* Material provided
• • • • •

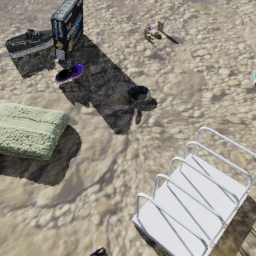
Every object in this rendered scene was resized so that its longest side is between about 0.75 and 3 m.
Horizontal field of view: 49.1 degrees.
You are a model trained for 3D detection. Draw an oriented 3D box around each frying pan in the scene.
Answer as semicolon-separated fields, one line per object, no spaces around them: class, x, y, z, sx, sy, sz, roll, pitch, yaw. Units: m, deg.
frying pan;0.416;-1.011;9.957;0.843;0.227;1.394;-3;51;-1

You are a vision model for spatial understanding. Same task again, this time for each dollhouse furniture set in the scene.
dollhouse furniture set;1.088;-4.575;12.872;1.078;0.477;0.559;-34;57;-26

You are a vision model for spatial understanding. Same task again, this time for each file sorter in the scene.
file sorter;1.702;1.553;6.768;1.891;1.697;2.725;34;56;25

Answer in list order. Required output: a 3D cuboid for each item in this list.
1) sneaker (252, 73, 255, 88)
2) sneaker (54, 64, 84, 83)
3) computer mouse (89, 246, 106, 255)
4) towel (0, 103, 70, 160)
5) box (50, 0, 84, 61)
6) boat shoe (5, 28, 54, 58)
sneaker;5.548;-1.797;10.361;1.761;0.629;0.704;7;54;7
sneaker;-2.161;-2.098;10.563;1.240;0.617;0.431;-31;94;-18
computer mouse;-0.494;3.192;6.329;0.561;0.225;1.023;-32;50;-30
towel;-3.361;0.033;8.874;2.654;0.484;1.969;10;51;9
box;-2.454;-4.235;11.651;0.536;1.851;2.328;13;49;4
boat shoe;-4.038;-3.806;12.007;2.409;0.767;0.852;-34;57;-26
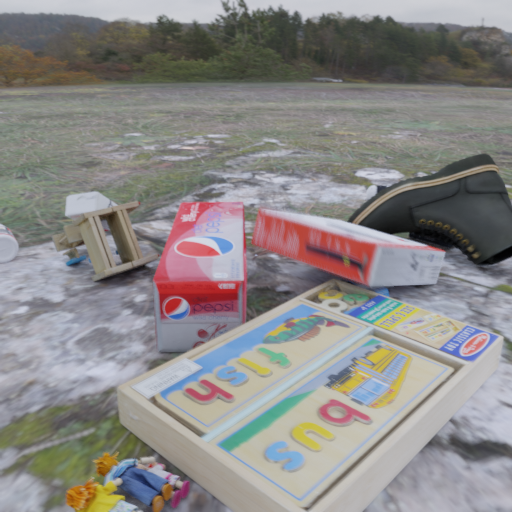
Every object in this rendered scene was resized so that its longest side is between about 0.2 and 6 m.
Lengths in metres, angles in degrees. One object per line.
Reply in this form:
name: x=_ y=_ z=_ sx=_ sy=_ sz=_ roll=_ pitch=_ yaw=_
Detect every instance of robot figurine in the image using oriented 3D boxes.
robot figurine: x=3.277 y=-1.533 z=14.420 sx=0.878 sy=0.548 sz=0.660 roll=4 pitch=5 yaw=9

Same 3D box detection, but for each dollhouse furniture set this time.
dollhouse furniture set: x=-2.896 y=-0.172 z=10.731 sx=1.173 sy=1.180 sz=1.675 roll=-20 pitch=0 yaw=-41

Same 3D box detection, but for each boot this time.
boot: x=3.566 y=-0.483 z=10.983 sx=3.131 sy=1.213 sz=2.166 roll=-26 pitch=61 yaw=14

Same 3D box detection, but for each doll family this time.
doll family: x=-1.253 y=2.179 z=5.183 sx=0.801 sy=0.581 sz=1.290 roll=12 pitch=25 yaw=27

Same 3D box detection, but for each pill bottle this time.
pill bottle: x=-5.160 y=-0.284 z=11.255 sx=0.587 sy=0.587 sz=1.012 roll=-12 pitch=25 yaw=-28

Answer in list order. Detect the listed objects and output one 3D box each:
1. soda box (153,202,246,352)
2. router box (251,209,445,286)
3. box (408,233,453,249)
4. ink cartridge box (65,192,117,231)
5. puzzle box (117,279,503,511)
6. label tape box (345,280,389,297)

• • • • •

* Task
Which lines of the data contain "output"? Copy them all.

* Task answer
Answer in list order. Required output: a 3D cuboid for each item in this list.
Answer in list order. Detect the listed objects and output one 3D box each:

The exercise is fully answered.